Integrating converted shear-wave data with traditional P-wave data provides reservoir insights.

 


Integrating converted shear-wave data with traditional P-wave data provides reservoir insights.

Robert R. Stewart, University of Houston

Analyzing both compressional PP waves (“loud” and arriving first) and converted-shear PS wavefields (“shy” and arriving later) from a multicomponent seismic survey can provide more information about subsurface structures, lithologies and their fluid saturants. This article discusses the techniques of jointly interpreting P-wave (compressive wave) data in association with converted-wave (P-to-S on reflection) seismic data—that is, having a more complete seismic conversation to locate subsurface resources. The methods include log analysis, generation of synthetic seismograms and vertical seismic profile (VSP) correlation, along with registering, picking and calculating ratios of the PP and PS sections.

Three cases of oil fields in clastic (sand-shale) environments are discussed where multicomponent seismic data was used to assist in the search for hydrocarbons: the Cambay Basin, India; the Williston Basin (Ross Lake), Saskatchewan; and the Central Plains of Alberta. In addition, two carbonate cases are considered from the Cantarell oil field in Mexico and Lousana Field, Alberta. The ratio of compressional to shear velocity values (Vp/Vs) from travel-time thickness (isochrons) is especially useful for characterizing lithologies.

WAVE INFORMATION

Many current exploration or development targets require increasingly detailed information about the subsurface. Can we remotely determine actual rock type, such as sand versus shale percentages or dolomite versus limestone? Can we improve structural imaging in complex geologies? Can we refine our porosity estimates?

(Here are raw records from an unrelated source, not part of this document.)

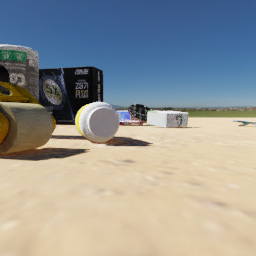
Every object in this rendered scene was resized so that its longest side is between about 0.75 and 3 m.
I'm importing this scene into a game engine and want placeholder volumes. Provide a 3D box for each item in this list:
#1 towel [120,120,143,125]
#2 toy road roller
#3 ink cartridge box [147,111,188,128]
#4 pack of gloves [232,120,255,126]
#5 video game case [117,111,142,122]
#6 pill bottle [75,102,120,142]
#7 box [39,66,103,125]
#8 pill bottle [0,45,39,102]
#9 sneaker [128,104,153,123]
[{"bbox_3d":[-0.126,-0.204,11.848,1.325,0.151,0.954,-3,5,-20],"label":"towel"},{"bbox_3d":[-1.706,-0.082,3.215,1.486,1.085,0.913,39,15,15],"label":"toy road roller"},{"bbox_3d":[1.334,-0.304,9.315,1.157,0.488,0.845,-4,10,-42],"label":"ink cartridge box"},{"bbox_3d":[4.345,-0.107,9.950,1.152,0.227,0.968,9,0,37],"label":"pack of gloves"},{"bbox_3d":[0.371,-0.640,15.905,2.488,0.624,2.745,-2,3,-34],"label":"video game case"},{"bbox_3d":[-0.472,-0.092,4.272,0.592,0.592,1.135,-1,2,-15],"label":"pill bottle"},{"bbox_3d":[-2.535,-1.304,11.810,2.837,2.323,1.222,1,2,15],"label":"box"},{"bbox_3d":[-2.195,-0.676,5.396,0.930,1.644,0.930,0,3,0],"label":"pill bottle"},{"bbox_3d":[0.707,-0.491,12.196,1.887,0.726,0.801,18,-19,-32],"label":"sneaker"}]
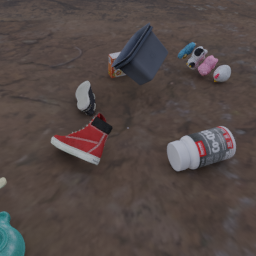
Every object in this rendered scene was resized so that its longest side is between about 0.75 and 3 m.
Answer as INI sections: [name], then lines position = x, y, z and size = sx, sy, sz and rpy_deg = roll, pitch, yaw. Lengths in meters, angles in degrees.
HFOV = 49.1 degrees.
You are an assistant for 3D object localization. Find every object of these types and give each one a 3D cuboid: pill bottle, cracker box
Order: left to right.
[cracker box]
position = -0.091, -2.398, 10.354
size = 1.261, 0.845, 0.364
rpy_deg = -16, 51, -20
[pill bottle]
position = 1.738, 0.509, 6.718
size = 1.441, 0.820, 0.820
rpy_deg = -15, 41, -15

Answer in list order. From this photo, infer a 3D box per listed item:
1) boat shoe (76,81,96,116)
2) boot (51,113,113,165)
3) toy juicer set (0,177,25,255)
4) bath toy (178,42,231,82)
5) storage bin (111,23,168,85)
[boat shoe]
position = -1.289, -0.954, 8.839
size = 0.559, 0.457, 1.513
rpy_deg = -34, 37, 13
[boot]
position = -1.120, 0.132, 6.857
size = 1.629, 0.590, 1.175
rpy_deg = 14, 77, 37
[toy juicer set]
position = -2.572, 2.127, 4.634
size = 1.658, 0.709, 2.606
rpy_deg = -11, 46, -32
[bath toy]
position = 2.768, -2.291, 10.187
size = 0.726, 0.855, 1.966
rpy_deg = -31, 62, -35
[storage bin]
position = 0.405, -2.132, 8.562
size = 1.185, 1.094, 1.628
rpy_deg = -14, 40, 56
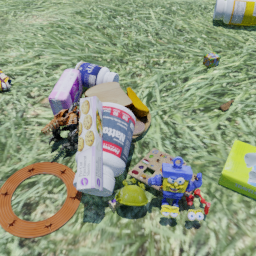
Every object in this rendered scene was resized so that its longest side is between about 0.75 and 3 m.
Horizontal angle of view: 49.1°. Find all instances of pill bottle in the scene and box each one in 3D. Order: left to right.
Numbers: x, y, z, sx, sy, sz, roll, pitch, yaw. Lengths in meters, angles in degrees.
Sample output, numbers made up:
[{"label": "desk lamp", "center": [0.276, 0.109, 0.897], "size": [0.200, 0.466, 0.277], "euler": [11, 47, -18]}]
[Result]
[{"label": "pill bottle", "center": [-1.428, -2.296, 12.826], "size": [1.882, 1.126, 1.126], "euler": [17, 48, 15]}, {"label": "pill bottle", "center": [-0.795, 0.718, 9.319], "size": [1.676, 1.676, 2.803], "euler": [9, 61, 8]}, {"label": "pill bottle", "center": [6.859, -7.228, 17.317], "size": [2.873, 1.620, 1.620], "euler": [8, 46, 8]}]

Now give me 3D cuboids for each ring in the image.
[{"label": "ring", "center": [-2.888, 2.165, 9.072], "size": [2.755, 0.264, 2.755], "euler": [0, 45, 0]}]

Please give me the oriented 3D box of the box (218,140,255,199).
[{"label": "box", "center": [4.680, 1.635, 9.306], "size": [2.847, 0.679, 1.736], "euler": [21, 50, 20]}]

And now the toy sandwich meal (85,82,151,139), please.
[{"label": "toy sandwich meal", "center": [-0.453, -0.722, 11.344], "size": [3.002, 1.028, 3.002], "euler": [0, 46, 0]}]

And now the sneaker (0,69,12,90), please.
[{"label": "sneaker", "center": [-5.890, -2.301, 13.313], "size": [0.652, 0.542, 1.447], "euler": [-8, 52, -20]}]

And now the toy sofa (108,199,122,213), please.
[{"label": "toy sofa", "center": [-0.211, 2.269, 8.900], "size": [0.850, 0.352, 0.415], "euler": [-24, 51, -22]}]

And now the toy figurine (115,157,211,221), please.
[{"label": "toy figurine", "center": [1.147, 1.480, 8.398], "size": [2.858, 1.712, 1.508], "euler": [8, 28, 3]}]

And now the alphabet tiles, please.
[{"label": "alphabet tiles", "center": [1.336, 1.530, 9.534], "size": [2.077, 0.078, 1.737], "euler": [25, 40, 26]}]

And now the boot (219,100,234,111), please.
[{"label": "boot", "center": [4.345, -0.969, 12.176], "size": [0.779, 0.287, 0.294], "euler": [-28, 69, -18]}]

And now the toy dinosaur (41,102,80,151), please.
[{"label": "toy dinosaur", "center": [-2.261, -0.152, 10.229], "size": [2.455, 1.666, 1.254], "euler": [-4, 28, -43]}]

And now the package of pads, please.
[{"label": "package of pads", "center": [-2.594, -1.421, 11.867], "size": [0.796, 1.267, 2.103], "euler": [7, 47, 7]}]

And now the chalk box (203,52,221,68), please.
[{"label": "chalk box", "center": [4.393, -3.530, 14.451], "size": [0.852, 0.532, 0.528], "euler": [-18, 48, -16]}]

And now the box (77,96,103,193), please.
[{"label": "box", "center": [-1.091, 0.427, 8.195], "size": [0.588, 0.549, 2.837], "euler": [-9, 66, 16]}]
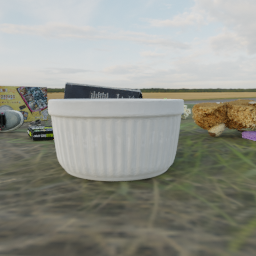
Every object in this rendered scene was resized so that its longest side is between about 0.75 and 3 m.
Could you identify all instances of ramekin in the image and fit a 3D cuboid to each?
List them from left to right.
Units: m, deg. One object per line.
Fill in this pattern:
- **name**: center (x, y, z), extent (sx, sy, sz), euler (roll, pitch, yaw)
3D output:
- **ramekin**: center (-0.193, 0.087, 4.633), extent (2.168, 1.138, 2.168), euler (0, 6, 0)

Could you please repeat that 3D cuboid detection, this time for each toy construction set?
- **toy construction set**: center (2.109, -0.969, 14.433), extent (2.261, 1.041, 1.482), euler (4, -22, -38)

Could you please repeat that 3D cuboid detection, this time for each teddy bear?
- **teddy bear**: center (3.354, -0.302, 8.109), extent (2.900, 0.968, 2.102), euler (-9, 13, -18)

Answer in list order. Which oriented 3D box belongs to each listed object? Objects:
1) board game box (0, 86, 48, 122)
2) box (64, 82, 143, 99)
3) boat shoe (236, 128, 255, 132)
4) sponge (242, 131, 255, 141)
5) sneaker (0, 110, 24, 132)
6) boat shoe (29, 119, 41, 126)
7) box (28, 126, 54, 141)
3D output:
- **board game box**: center (-4.843, -1.096, 12.840), extent (0.423, 1.656, 2.444), euler (6, 8, 39)
- **box**: center (-0.667, -0.564, 8.451), extent (2.053, 1.294, 2.089), euler (8, 3, 5)
- **boat shoe**: center (4.325, -0.165, 9.074), extent (0.636, 0.637, 1.722), euler (-6, 9, -43)
- **sponge**: center (3.690, 0.249, 7.439), extent (0.716, 0.191, 1.283), euler (-2, 8, -6)
- **sneaker**: center (-4.369, -0.229, 8.772), extent (1.912, 0.799, 1.154), euler (-7, 0, 13)
- **boat shoe**: center (-3.764, -0.211, 11.295), extent (0.275, 0.234, 0.821), euler (1, 6, 8)
- **box**: center (-2.194, 0.124, 8.082), extent (1.238, 0.294, 1.195), euler (-3, 9, -24)
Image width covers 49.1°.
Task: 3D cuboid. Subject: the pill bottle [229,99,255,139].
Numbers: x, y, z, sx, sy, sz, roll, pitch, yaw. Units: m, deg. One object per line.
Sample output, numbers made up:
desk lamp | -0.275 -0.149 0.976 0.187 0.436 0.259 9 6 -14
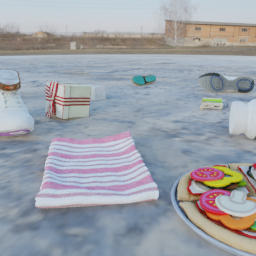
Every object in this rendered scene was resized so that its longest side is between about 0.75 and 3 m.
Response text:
pill bottle | 3.570 -0.197 7.096 1.801 1.048 1.048 4 18 12

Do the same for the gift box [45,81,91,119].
gift box | -2.096 -0.916 9.231 1.312 1.211 1.225 12 13 41

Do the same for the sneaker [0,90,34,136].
sneaker | -3.461 -0.640 7.771 1.097 1.459 2.929 -3 17 -40

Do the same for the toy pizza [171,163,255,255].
toy pizza | 1.975 1.028 4.293 2.601 0.412 2.601 0 18 0

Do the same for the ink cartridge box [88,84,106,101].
ink cartridge box | -1.414 -1.543 12.047 0.585 0.582 0.805 -16 24 -41

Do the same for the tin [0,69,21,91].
tin | -3.339 -1.356 7.784 0.631 0.236 1.127 -6 36 -24

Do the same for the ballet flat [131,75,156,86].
ballet flat | 0.809 -2.627 15.728 1.803 0.619 0.568 -11 -7 -37

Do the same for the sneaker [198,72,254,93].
sneaker | 4.687 -2.133 13.687 2.604 0.970 1.134 9 9 3

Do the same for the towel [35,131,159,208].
towel | -0.650 0.672 5.457 1.939 0.396 2.650 -3 18 -8

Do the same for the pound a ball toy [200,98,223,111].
pound a ball toy | 3.038 -0.806 10.294 0.837 0.356 0.546 2 43 6
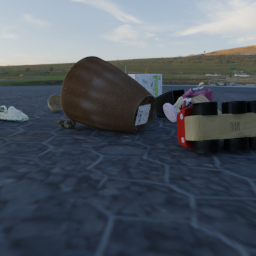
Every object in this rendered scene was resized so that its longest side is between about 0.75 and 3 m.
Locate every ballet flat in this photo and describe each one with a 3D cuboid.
[{"bbox_3d":[-5.489,-0.668,12.705,2.048,0.735,0.735,4,12,15],"label":"ballet flat"}]

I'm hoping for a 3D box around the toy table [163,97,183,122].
[{"bbox_3d":[2.142,-0.777,12.408,0.720,1.130,1.230,-18,38,-11],"label":"toy table"}]

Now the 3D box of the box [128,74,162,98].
[{"bbox_3d":[0.898,-1.929,15.457,1.824,2.067,0.999,-8,13,-30],"label":"box"}]

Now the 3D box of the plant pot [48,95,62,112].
[{"bbox_3d":[-4.009,-1.275,15.539,0.956,0.956,0.641,-6,-25,-29],"label":"plant pot"}]

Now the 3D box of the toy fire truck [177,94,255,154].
[{"bbox_3d":[2.511,-0.284,8.659,2.478,1.811,2.815,-4,1,-16],"label":"toy fire truck"}]

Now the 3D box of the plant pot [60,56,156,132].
[{"bbox_3d":[-0.511,-0.981,10.358,2.896,2.707,2.707,26,24,33],"label":"plant pot"}]

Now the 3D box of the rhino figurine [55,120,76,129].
[{"bbox_3d":[-2.486,-0.167,10.978,1.121,0.335,0.490,7,1,40],"label":"rhino figurine"}]

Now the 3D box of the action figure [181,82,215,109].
[{"bbox_3d":[3.036,-1.318,13.380,2.520,1.688,1.876,-7,12,-44],"label":"action figure"}]

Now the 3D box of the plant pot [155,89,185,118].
[{"bbox_3d":[2.050,-1.141,13.759,1.174,1.324,1.320,-5,6,36],"label":"plant pot"}]
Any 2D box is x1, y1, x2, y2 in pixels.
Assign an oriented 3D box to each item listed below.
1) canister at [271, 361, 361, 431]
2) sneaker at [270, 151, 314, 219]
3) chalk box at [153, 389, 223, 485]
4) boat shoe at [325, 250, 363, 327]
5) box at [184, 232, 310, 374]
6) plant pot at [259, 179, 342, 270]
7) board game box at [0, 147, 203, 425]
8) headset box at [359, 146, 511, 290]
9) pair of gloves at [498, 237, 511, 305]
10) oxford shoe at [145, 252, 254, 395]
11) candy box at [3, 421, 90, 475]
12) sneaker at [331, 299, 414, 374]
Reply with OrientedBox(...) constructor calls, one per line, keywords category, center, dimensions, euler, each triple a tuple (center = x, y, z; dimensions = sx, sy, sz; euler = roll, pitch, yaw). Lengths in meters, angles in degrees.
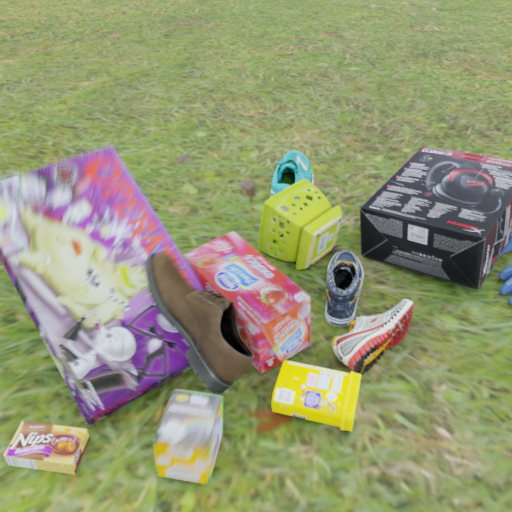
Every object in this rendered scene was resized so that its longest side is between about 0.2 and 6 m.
OrientedBox(category="canister", center=(0.937, 2.130, 8.669), dimensions=(1.240, 0.536, 0.921), euler=(10, 40, 14))
OrientedBox(category="sneaker", center=(0.850, -1.860, 13.232), dimensions=(0.979, 1.006, 2.527), euler=(7, 39, 8))
OrientedBox(category="chalk box", center=(-0.903, 2.462, 8.014), dimensions=(0.772, 0.768, 1.240), euler=(6, 31, 8))
OrientedBox(category="boat shoe", center=(1.701, 0.337, 10.571), dimensions=(0.715, 0.917, 2.021), euler=(6, 39, 8))
OrientedBox(category="box", center=(-0.177, 0.748, 9.786), dimensions=(1.123, 1.172, 2.352), euler=(-27, 45, -24))
OrientedBox(category="plant pot", center=(0.945, -0.570, 11.450), dimensions=(1.198, 1.320, 1.314), euler=(36, 51, 27))
OrientedBox(category="board game box", center=(-2.622, 0.259, 9.492), dimensions=(2.625, 0.706, 4.373), euler=(-24, 70, -32))
OrientedBox(category="headset box", center=(4.061, -1.031, 11.681), dimensions=(2.502, 1.263, 3.366), euler=(18, 44, 33))
OrientedBox(category="pair of gloves", center=(5.410, 0.001, 11.380), dimensions=(2.435, 0.345, 3.029), euler=(-25, 39, -21))
OrientedBox(category="oxford shoe", center=(-0.832, 0.809, 8.646), dimensions=(2.447, 1.033, 0.889), euler=(53, 18, 15))
OrientedBox(category="candy box", center=(-3.005, 2.757, 8.082), dimensions=(1.017, 0.287, 0.593), euler=(6, 39, 6))
OrientedBox(category="sneaker", center=(2.050, 1.225, 9.639), dimensions=(1.848, 0.719, 0.759), euler=(-29, 46, -32))
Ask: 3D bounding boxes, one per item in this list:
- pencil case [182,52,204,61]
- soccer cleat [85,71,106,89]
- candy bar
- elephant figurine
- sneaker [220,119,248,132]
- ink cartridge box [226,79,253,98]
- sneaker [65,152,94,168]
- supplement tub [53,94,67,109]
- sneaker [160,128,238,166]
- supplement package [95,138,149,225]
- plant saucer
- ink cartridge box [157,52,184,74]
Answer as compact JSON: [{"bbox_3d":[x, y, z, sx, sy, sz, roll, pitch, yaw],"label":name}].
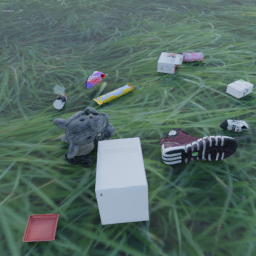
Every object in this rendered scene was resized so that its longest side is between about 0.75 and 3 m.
[{"bbox_3d":[3.981,-4.383,17.244,1.304,0.570,0.570,-1,37,-3],"label":"pencil case"},{"bbox_3d":[-1.677,-2.448,14.303,0.573,0.534,1.566,9,37,16],"label":"soccer cleat"},{"bbox_3d":[-0.673,-1.685,13.905,2.338,0.259,0.583,-29,46,-32],"label":"candy bar"},{"bbox_3d":[-1.631,0.100,9.609,1.895,2.078,2.678,30,9,10],"label":"elephant figurine"},{"bbox_3d":[4.422,-0.064,11.590,1.164,0.431,0.515,-4,35,-5],"label":"sneaker"},{"bbox_3d":[5.634,-1.987,14.132,1.071,0.450,0.779,-24,43,-28],"label":"ink cartridge box"},{"bbox_3d":[-1.744,1.095,10.148,1.120,0.425,0.508,16,29,11],"label":"sneaker"},{"bbox_3d":[-3.172,-1.266,13.162,0.467,0.467,0.763,5,38,7],"label":"supplement tub"},{"bbox_3d":[2.493,0.438,10.446,2.801,1.060,1.618,-6,35,-7],"label":"sneaker"},{"bbox_3d":[-0.187,1.520,8.480,1.394,1.377,2.299,-5,31,0],"label":"supplement package"},{"bbox_3d":[-2.441,2.853,7.940,0.850,0.156,0.852,-2,36,-2],"label":"plant saucer"},{"bbox_3d":[2.499,-3.795,16.383,1.328,0.634,1.513,9,38,12],"label":"ink cartridge box"}]

P-wave seismic imaging has been enormously useful in these pursuits; the compressional wave usually arrives loud and clear. But sometimes P-wave information is ambiguous or limited. The P-to-S conversion upon reflection can supply additional information in the form of S-wave (shear wave) properties that can improve our understanding of the subsurface. The S-waves are comparatively “shy”; they arrive later, with lower amplitudes and more subtleties. However, the reward in assessing the P-S waves will include their contribution to rock type determination, fracture state and porosity estimation, and imaging in special situations.

METHODS

In a project that has multicomponent seismic data, we usually first interpret the P-wave data to the fullest extent possible. This involves the classic techniques of geological review of the area, log analysis (assuming we have well information) and editing, synthetic seismogram generation, and correlation of the synthetic seismograms with the surface seismic sections or volumes.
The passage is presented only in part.